Hyperamylasemia is mainly seen in patients with pancreatitis and parotitis. Hyperamylasemia of S-type isoamylase occurs with parotitis, obstruction of the parotid gland, and liver failure. ¹¹ Our patient had chronic parotid swelling, but there were no apparent abnormalities in the parotid gland. In an animal study, Blachier et al. ⁶ showed l-arginine and l-ornithine to stimulate amylase release from rat parotid cells. l-Arginine is catabolized via two pathways in the rat parotid gland. In the major pathway, l-arginine is converted into urea and l-ornithine. In the minor pathway, l-arginine is converted directly into l-citrulline though to a limited extent. Arginine accumulates in arginase deficiency. However, the mechanism underlying the stimulation of amylase release has yet to be clarified. ⁶ In our case, high concentrations of l-arginine presumably stimulated the parotid gland for a prolonged period and increased amylase secretion from the parotid gland, which may have been responsible for the observed swelling of the parotid gland. Cornelius et al. ³ speculated that patients with arginase deficiency have elevated arginine in the salivary glands, augmenting nitric oxide synthesis, thereby leading to increased susceptibility of the salivary glands to oxidative damage, and ultimately causing enlargement.
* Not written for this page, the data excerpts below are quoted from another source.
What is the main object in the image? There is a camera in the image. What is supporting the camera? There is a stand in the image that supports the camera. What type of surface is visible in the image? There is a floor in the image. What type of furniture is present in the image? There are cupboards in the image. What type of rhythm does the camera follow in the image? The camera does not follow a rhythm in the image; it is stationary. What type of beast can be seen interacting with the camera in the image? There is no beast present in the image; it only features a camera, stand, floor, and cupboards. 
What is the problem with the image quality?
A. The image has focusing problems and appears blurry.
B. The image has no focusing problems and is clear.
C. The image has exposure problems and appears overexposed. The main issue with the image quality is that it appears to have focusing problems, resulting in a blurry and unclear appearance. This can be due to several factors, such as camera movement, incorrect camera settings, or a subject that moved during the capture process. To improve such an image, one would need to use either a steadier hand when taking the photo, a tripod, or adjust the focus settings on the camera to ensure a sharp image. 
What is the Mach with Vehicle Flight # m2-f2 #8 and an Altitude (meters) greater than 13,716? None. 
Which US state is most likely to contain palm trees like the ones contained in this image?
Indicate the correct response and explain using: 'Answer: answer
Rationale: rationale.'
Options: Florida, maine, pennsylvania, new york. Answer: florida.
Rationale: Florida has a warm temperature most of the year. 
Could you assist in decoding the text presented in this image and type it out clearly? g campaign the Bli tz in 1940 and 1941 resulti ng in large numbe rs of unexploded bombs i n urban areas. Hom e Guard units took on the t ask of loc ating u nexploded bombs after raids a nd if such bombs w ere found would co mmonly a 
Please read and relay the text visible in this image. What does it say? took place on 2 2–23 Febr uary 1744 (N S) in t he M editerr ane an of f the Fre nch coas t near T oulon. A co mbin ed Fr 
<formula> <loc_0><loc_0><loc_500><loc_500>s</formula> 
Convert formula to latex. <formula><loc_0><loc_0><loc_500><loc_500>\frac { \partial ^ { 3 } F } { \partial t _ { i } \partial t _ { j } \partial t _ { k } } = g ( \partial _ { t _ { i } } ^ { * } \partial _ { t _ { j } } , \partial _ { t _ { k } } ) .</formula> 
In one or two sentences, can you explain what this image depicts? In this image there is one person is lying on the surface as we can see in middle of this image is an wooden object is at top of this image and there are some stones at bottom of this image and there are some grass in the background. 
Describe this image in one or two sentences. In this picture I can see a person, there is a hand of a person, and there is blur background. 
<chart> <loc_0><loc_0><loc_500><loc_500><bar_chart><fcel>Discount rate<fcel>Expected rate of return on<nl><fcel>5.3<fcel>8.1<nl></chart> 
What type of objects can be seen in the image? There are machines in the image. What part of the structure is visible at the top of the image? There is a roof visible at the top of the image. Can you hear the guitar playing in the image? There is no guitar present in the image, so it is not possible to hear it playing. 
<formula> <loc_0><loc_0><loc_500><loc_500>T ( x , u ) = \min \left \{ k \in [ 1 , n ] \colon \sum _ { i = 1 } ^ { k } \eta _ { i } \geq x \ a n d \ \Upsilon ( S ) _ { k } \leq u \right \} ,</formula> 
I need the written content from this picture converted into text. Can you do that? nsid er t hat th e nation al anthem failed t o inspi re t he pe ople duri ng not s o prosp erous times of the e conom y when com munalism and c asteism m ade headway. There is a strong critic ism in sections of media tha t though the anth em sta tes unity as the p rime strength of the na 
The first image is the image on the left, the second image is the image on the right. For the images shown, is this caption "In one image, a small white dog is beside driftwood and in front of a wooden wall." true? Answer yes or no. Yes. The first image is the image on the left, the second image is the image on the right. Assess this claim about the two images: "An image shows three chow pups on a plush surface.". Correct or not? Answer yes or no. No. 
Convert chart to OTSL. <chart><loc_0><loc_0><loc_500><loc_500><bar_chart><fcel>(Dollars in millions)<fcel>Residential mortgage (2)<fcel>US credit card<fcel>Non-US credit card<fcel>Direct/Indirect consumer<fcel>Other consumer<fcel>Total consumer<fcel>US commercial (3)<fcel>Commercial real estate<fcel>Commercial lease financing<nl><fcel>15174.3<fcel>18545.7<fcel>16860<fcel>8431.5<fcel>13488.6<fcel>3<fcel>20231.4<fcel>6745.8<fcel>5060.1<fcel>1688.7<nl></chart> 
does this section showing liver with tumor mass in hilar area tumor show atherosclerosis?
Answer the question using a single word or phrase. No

In the acute stage of hyperammonemia, patients with arginase deficiency are treated with a carbohydrate rich diet, sodium benzoate, with or without sodium phenyl acetate, restricted protein intake, an arginine-free essential amino acid formula, and hemodialysis.^1,2,8 For maintenance, patients are managed with oral nitrogen scavenging drugs, restricted protein intake, and liver transplantation to reduce recurrent hyperammonemia.^1,2,8 Despite ongoing treatment with sodium benzoate, restricted protein intake, and an arginine-free essential amino acid formula, our patient had recurrent episodes of consciousness disturbance with hyperammonemia. This may have been due to recurrent viral infection, an unbalanced diet, and poor compliance with medications. Prior reports have suggested that early diagnosis and treatment of this disease may improve outocomes.^2,12

In general, arginase-deficiency symptoms, such as sever spasticity, seizures, failure to thrive and intellectual disability, worsen later in life. ¹³ These neurological symptoms cannot be explained solely by hyperammonemia in cases with arginase deficiency. Arginine is a precursor for the synthesis of nitric oxide and guanidine compounds. Arginine and its metabolites, the guanidine compounds, are speculated to play roles in neurological impairment.^13,14 In addition, brain MRI of patients with arginase deficiency demonstrates atrophy of both the cerebellum and the cerebrum.^3,15 The MRI findings in our present patient were consistent with these prior observations.

Conclusion

Our patient had been diagnosed with spastic paraplegia in childhood, and subsequently presented with chronic bilateral parotid gland swelling and hyperamylasemia. In adulthood, she had been diagnosed with arginase deficiency and liver cirrhosis. The intellectual and motor disabilities in our case were likely exacerbated by the lack of an accurate diagnosis and appropriate treatment in early childhood.